Task item: Below are the records; copy each line in which "separated" occurs.

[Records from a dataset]
[Start of Attachment]
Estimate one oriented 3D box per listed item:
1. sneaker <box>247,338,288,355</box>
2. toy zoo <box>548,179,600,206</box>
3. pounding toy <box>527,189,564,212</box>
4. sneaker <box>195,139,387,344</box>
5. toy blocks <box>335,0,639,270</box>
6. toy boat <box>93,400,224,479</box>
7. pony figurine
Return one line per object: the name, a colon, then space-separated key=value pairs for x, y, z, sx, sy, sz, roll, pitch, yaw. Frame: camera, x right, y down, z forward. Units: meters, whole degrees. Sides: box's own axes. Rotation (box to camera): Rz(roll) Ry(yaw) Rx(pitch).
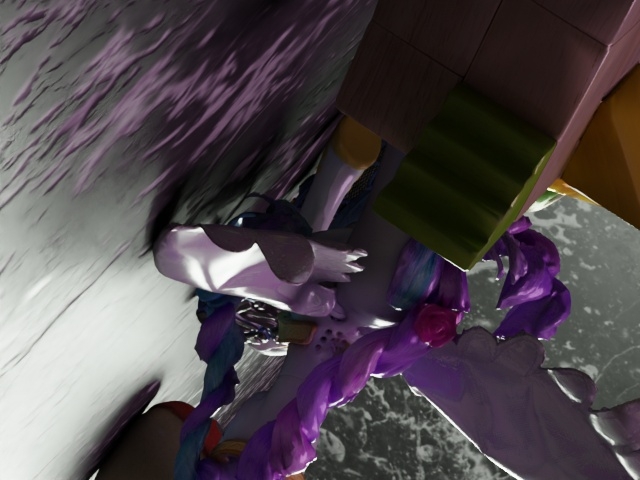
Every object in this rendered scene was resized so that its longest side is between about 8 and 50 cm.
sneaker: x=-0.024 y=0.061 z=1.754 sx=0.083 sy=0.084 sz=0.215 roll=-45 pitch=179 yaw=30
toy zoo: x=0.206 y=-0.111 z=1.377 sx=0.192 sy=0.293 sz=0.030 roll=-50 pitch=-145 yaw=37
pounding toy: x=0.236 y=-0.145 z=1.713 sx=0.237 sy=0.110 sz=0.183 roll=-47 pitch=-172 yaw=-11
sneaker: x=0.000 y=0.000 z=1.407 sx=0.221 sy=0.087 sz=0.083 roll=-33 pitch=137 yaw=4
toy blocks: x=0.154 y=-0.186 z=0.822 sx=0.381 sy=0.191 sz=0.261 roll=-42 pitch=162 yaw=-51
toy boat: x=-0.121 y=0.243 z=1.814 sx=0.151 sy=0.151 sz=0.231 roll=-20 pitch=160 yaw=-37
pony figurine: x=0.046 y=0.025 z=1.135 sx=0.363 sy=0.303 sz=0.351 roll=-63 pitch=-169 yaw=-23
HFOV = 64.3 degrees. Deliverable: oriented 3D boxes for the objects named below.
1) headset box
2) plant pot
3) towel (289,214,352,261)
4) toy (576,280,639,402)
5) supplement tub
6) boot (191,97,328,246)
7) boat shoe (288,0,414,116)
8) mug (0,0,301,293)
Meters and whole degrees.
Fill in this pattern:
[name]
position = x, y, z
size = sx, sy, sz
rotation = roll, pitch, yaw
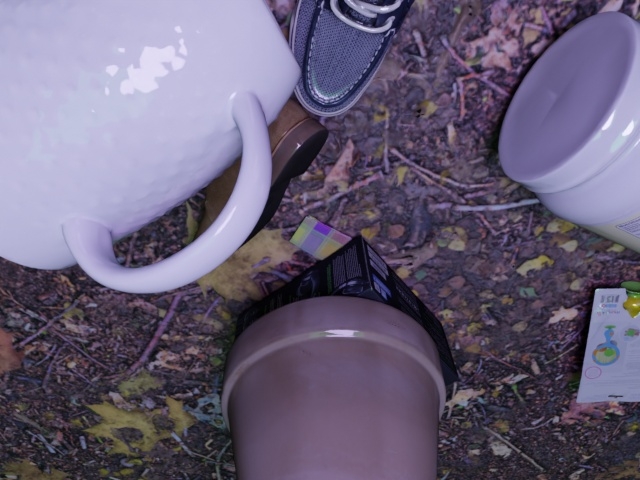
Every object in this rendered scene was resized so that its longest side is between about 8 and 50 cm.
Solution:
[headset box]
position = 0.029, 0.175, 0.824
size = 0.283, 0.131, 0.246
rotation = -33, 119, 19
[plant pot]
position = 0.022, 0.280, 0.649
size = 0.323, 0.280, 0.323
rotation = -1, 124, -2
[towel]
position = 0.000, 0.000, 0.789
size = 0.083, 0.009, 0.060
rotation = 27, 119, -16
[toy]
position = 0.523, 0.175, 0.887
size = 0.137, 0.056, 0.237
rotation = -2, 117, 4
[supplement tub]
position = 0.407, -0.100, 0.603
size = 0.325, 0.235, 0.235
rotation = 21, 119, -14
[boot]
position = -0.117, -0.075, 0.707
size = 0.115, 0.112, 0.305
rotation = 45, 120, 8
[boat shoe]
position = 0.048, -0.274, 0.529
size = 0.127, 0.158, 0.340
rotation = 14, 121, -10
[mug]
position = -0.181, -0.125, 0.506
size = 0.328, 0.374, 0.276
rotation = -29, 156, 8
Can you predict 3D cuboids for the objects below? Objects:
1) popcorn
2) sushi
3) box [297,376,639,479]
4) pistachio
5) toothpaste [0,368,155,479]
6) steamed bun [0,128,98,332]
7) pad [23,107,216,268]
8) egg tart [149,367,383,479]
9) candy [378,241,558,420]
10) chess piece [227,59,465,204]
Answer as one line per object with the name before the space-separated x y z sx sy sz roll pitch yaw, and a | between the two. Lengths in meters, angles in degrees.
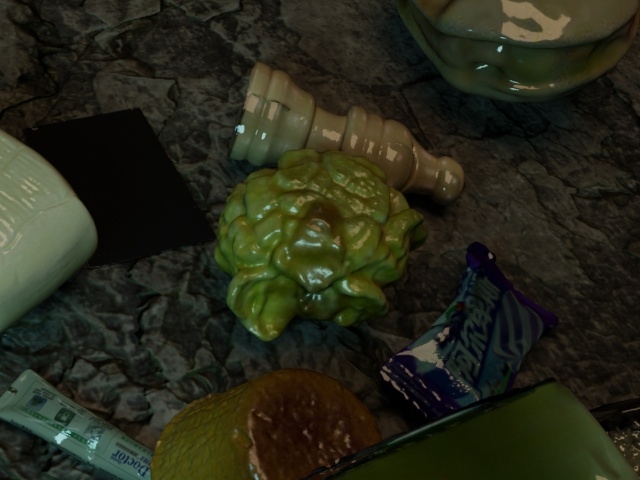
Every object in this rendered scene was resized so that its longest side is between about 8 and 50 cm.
[End of Attachment]
Completed exercise:
Return one line per object: the name, a colon, then space-separated key=value pairs for x, y, z, sx, sy, sz, roll, pitch, yaw. Frame: camera, x right, y down, z forward. Units: meters, whole degrees. Sides: box's own axes. Rotation (box to camera): Rz(roll) Ry(yaw) Rx(pitch).
Answer as one line per object with the name before the space-separated x y z sx sy sz roll pitch yaw, and a | between the two. Lengths in meters, angles in degrees.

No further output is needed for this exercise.